## TASK ITEM
Copy out all lines from the entries below in which "degrees" occurs.

## PROVIDED RECORDS
-=-=-

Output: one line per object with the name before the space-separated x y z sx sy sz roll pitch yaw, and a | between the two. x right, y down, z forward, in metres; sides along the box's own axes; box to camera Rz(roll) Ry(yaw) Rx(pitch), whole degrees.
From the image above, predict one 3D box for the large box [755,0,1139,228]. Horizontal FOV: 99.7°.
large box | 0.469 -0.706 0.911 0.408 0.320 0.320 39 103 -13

-=-=-

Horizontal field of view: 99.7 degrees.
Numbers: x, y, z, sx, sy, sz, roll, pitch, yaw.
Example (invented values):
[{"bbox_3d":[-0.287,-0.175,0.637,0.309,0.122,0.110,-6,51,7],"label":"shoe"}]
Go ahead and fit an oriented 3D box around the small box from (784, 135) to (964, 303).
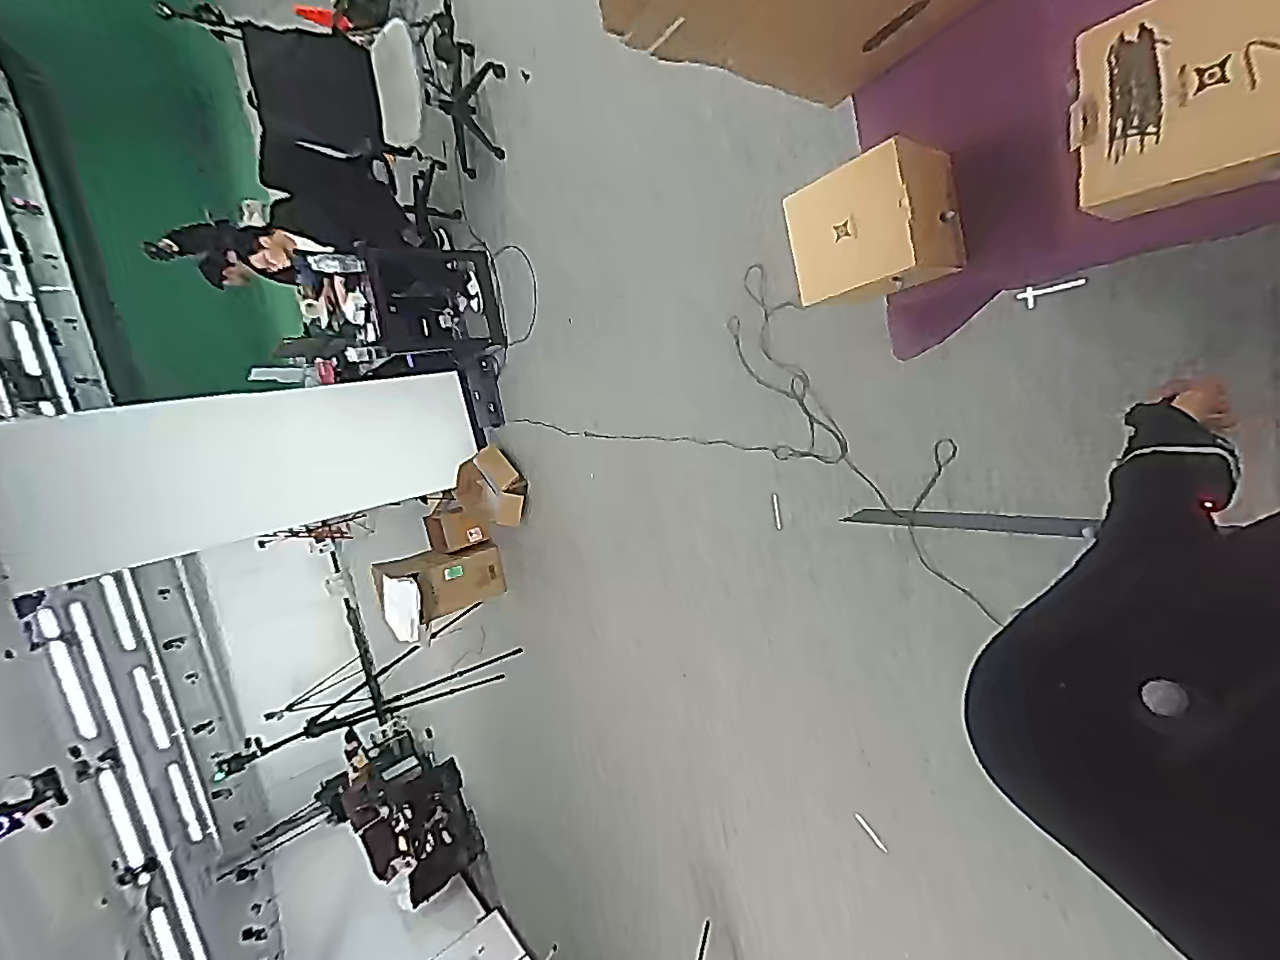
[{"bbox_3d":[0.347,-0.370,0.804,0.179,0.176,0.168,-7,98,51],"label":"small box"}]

-=-=-

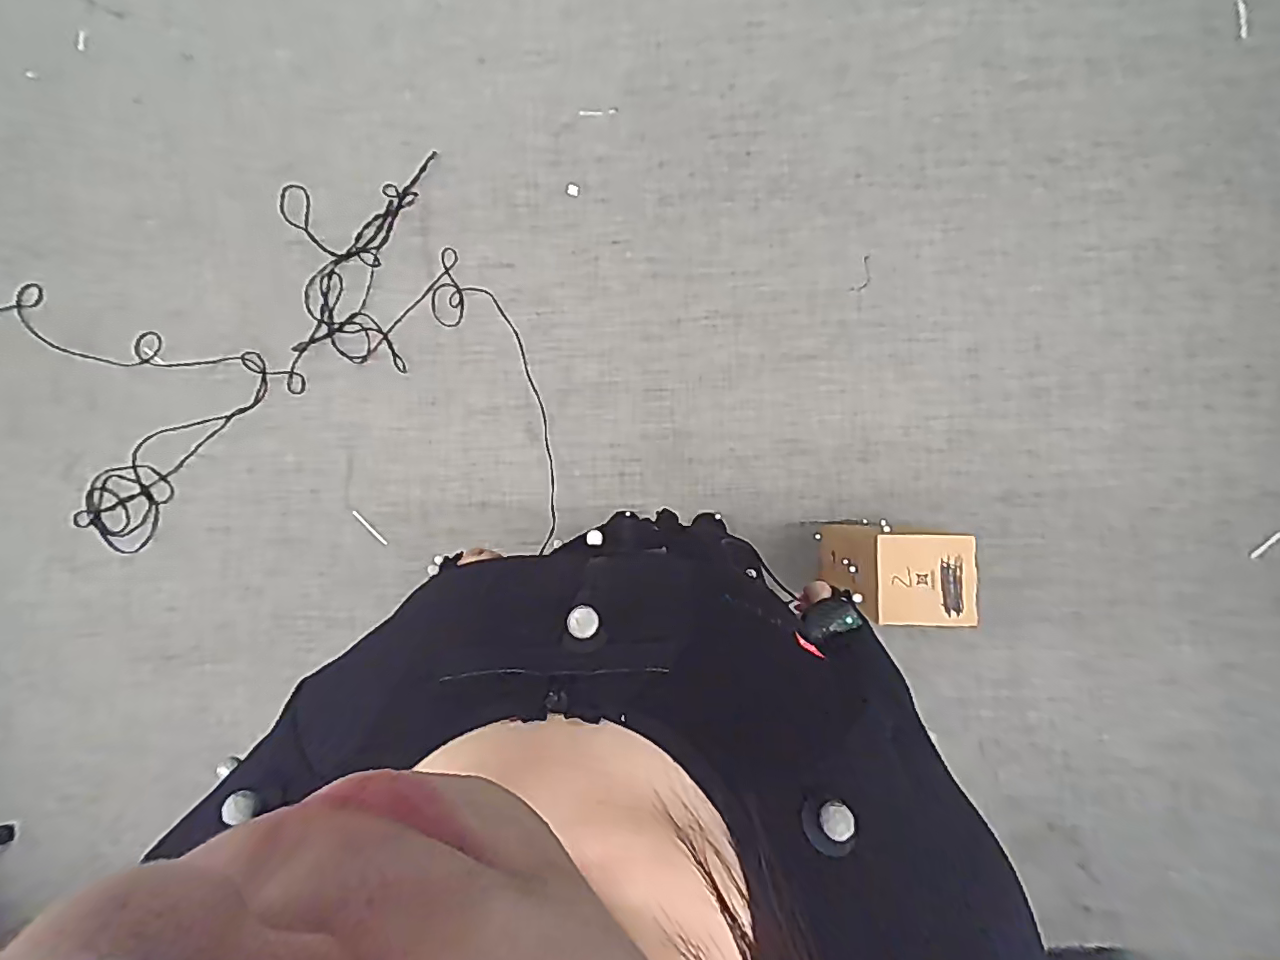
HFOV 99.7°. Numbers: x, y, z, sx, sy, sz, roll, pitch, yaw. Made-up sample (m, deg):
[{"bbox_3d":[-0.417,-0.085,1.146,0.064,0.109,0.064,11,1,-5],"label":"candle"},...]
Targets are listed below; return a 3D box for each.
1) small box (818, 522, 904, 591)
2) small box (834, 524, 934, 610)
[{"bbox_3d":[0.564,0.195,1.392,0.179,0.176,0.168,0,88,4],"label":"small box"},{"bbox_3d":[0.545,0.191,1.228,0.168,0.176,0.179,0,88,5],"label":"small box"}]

-=-=-

## SOLUTION TO THE PROBLEM
Output: one line per object with the name before the space-separated x y z sx sy sz roll pitch yaw, and a | between the two. x right, y down, z forward, in metres; sides along the box's own axes; box to camera Rz(roll) Ry(yaw) Rx(pitch), whole degrees.
Horizontal field of view: 99.7 degrees.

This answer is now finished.